So easy to say, you make it sound like Rogerio and Arona suck, they are top 205lbers...wow they lost a fight...ooohhhh ahhhhhh 

What i want to know is, do you honestly believe Soko would win rematches? 

Rogerio just got caught, it happens. Arona while being the biggest excuse making mofo in the game, i will defend him this time. He was sick with "Dengue" and you could tell he was not 100%. Hos shot on Soko was seriously weak for him, i mean for gods sake he shot on Henderson and they bounced off the ropes and damn near landed on the other side of the ring.

----------


## BG

> big guns.. it shall say..im on odix's nuts. cool ?


Ya they should go for that, how about Odix's nuthugger? Or Huggin Odix's nuts.

----------


## testisbest

> So easy to say, *you make it sound like Rogerio and Arona suck, they are top 205lbers...wow they lost a fight...ooohhhh ahhhhhh* 
> 
> What i want to know is, do you honestly believe Soko would win rematches? 
> 
> Rogerio just got caught, it happens. Arona while being the biggest excuse making mofo in the game, i will defend him this time. He was sick with "Dengue" and you could tell he was not 100%. Hos shot on Soko was seriously weak for him, i mean for gods sake he shot on Henderson and they bounced off the ropes and damn near landed on the other side of the ring.

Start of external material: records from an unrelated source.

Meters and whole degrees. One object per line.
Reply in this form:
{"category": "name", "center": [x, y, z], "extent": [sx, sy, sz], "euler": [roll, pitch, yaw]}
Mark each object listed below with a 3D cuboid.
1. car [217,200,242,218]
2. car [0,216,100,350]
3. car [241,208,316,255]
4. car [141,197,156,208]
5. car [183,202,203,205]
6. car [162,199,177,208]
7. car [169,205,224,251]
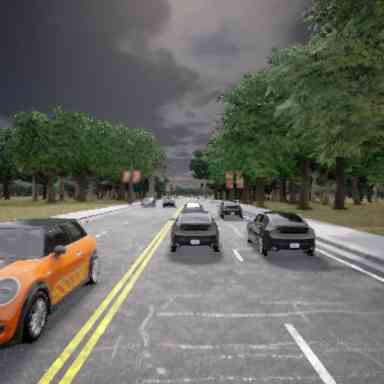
{"category": "car", "center": [3.370, 1.521, 29.949], "extent": [1.837, 1.490, 4.892], "euler": [0, 0, 0]}
{"category": "car", "center": [-3.346, 1.355, 6.413], "extent": [2.097, 1.767, 4.553], "euler": [0, 0, 0]}
{"category": "car", "center": [3.359, 1.509, 13.302], "extent": [1.837, 1.490, 4.892], "euler": [0, 0, 0]}
{"category": "car", "center": [-6.537, 1.576, 50.233], "extent": [2.128, 1.511, 4.902], "euler": [0, 0, 0]}
{"category": "car", "center": [0.120, 1.582, 30.640], "extent": [1.994, 1.385, 4.181], "euler": [0, 0, 0]}
{"category": "car", "center": [-3.295, 1.678, 48.731], "extent": [1.895, 1.301, 4.718], "euler": [0, 0, 0]}
{"category": "car", "center": [0.110, 1.510, 14.137], "extent": [1.837, 1.490, 4.892], "euler": [0, 0, 0]}
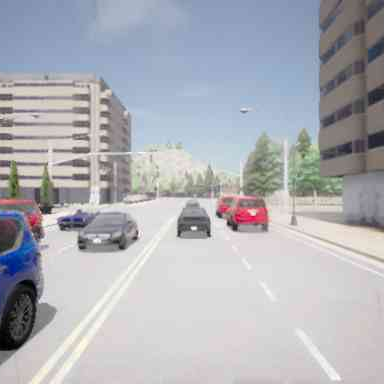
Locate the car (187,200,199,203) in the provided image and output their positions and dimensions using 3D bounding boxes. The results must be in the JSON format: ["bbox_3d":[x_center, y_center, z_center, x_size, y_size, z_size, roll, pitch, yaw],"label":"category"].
[{"bbox_3d":[0.093,1.700,39.748,1.812,1.442,4.674,0,0,0],"label":"car"}]

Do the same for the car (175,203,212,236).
[{"bbox_3d":[0.100,1.613,19.299,1.837,1.490,4.892,0,0,0],"label":"car"}]

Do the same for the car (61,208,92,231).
[{"bbox_3d":[-7.047,1.722,21.775,1.895,1.301,4.718,0,0,1],"label":"car"}]

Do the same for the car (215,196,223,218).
[{"bbox_3d":[3.499,1.401,31.991,2.150,2.045,5.566,0,0,0],"label":"car"}]

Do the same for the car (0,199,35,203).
[{"bbox_3d":[-7.072,1.285,11.203,2.150,2.045,5.566,0,0,1],"label":"car"}]

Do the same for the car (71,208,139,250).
[{"bbox_3d":[-3.554,1.609,14.883,1.812,1.442,4.674,0,0,1],"label":"car"}]

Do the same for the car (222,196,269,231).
[{"bbox_3d":[3.499,1.343,21.737,2.150,2.045,5.566,0,0,0],"label":"car"}]

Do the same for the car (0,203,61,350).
[{"bbox_3d":[-3.567,1.244,3.390,2.150,2.045,5.566,0,-1,0],"label":"car"}]

Read what I posted. I clearly said that they were in Pride's top 5 MW. I don't know if Soko would win rematches, just like I don't know if Gonzaga would beat Cro Cop again. Don't make excuses for Arona not being 100% because Chuck wasn't 100% against Rampage but you don't give him a chance to win the rematch.

----------


## Hunter

> Read what I posted. I clearly said that they were in Pride's top 5 MW. I don't know if Soko would win rematches, just like I don't know if Gonzaga would beat Cro Cop again. *Don't make excuses for Arona not being 100% because Chuck wasn't 100% against Rampage but you don't give him a chance to win the rematch*.

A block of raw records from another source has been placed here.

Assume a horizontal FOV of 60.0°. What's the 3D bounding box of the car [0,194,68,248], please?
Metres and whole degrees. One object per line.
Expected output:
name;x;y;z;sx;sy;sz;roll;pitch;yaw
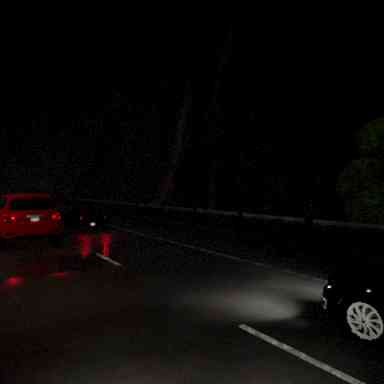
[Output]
car;-7.319;1.082;14.519;2.150;2.045;5.566;0;1;-34

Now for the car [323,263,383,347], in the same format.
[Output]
car;4.027;1.473;4.034;1.837;1.490;4.892;0;1;-34

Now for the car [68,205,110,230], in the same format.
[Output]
car;-6.577;1.400;19.672;1.895;1.301;4.718;0;1;-34

First of all chucks came from chucks camp he was injured there was no official injury report i.e like penn and his ribs during the matt hughes rematch. Now Arona pulled out of adcc becouse of how bad the dengue was and it was also documented by sherdog. its not an excuse, Chuck has no proof he was injured and why was there no injury report.

----------


## rar1015

> Hey, f*ck you and the ufc....sorry that was the pride nuthugger coming out. UGGH Saku Sakuraba who? Lets talk about Liddell...ohhh sorry that was the ufc nuthugger coming out



You can call me a UFC nuthugger all you want pal. I havent sat here saying a damn thing about how "awesome" the tuf show is or how much better the UFC is than pride. I'm not going to sit here and get into a stupid ass pissing match with people i dont even know nor care to ever meet about something so stupid.

----------


## testisbest

> First of all chucks came from chucks camp he was injured there was no official injury report i.e like penn and his ribs during the matt hughes rematch. Now Arona pulled out of adcc becouse of how bad the dengue was and it was also documented by sherdog. its not an excuse, Chuck has no proof he was injured and why was there no injury report.

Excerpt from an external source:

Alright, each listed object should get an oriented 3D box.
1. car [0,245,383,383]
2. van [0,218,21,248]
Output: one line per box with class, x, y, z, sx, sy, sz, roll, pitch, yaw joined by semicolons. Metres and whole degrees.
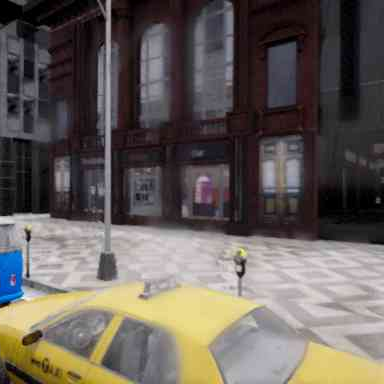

Excuse or not, Chuck and Arona both got their asses kicked. I'm sticking to my guns here and still don't think Pride's MW's are as good as ya'll think but only time will tell.

----------


## QuieTSToRM33

Stop with the bullshit already ........... People win and people lose ....... stop making excuses on why they lost, why they won, or why they'll win or lose if they fight again.

Every has an opinion ... and everyone thinks that they're opinion is the right one. 

The fact of the matter is we're just fans ... we're not the guys in the cage/ring trying to knock the other guy's head off ... maybe some day some of us will be ... but is there really a point in going back and forth over who has the better fighters and blah blah blah ? 

I don't know why some of you guys get so worked up over this shit. Instead of sitting here arguing, take that passion into the gym and turn it into something positive. 

Go roll for a few rounds. Go kick the heavy bag. 

Embrace MMA as a whole ... let's drop this pride/ufc bullshit already.

----------


## Hunter

> You can call me a UFC nuthugger all you want pal. I havent sat here saying a damn thing about how "awesome" the tuf show is or how much better the UFC is than pride. I'm not going to sit here and get into a stupid ass pissing match with people i dont even know nor care to ever meet about something so stupid.


It was a joke that is why I used both pride and ufc saying I am not a nuthugger of either. It was a joke. Also it was a joke aimed at myself.

----------


## rar1015

> It was a joke that is why I used both pride and ufc saying I am not a nuthugger of either. It was a joke. Also it was a joke aimed at myself.



I know man I was just messing with you! :LOL:

----------


## odix

i just got done watching the boxing match between dela hoya and maywhether....the whole time i was thinking about how mma is 100x more exciting.

----------


## godkilla

> i just got done watching the boxing match between dela hoya and maywhether....the whole time i was thinking about how mma is 100x more exciting.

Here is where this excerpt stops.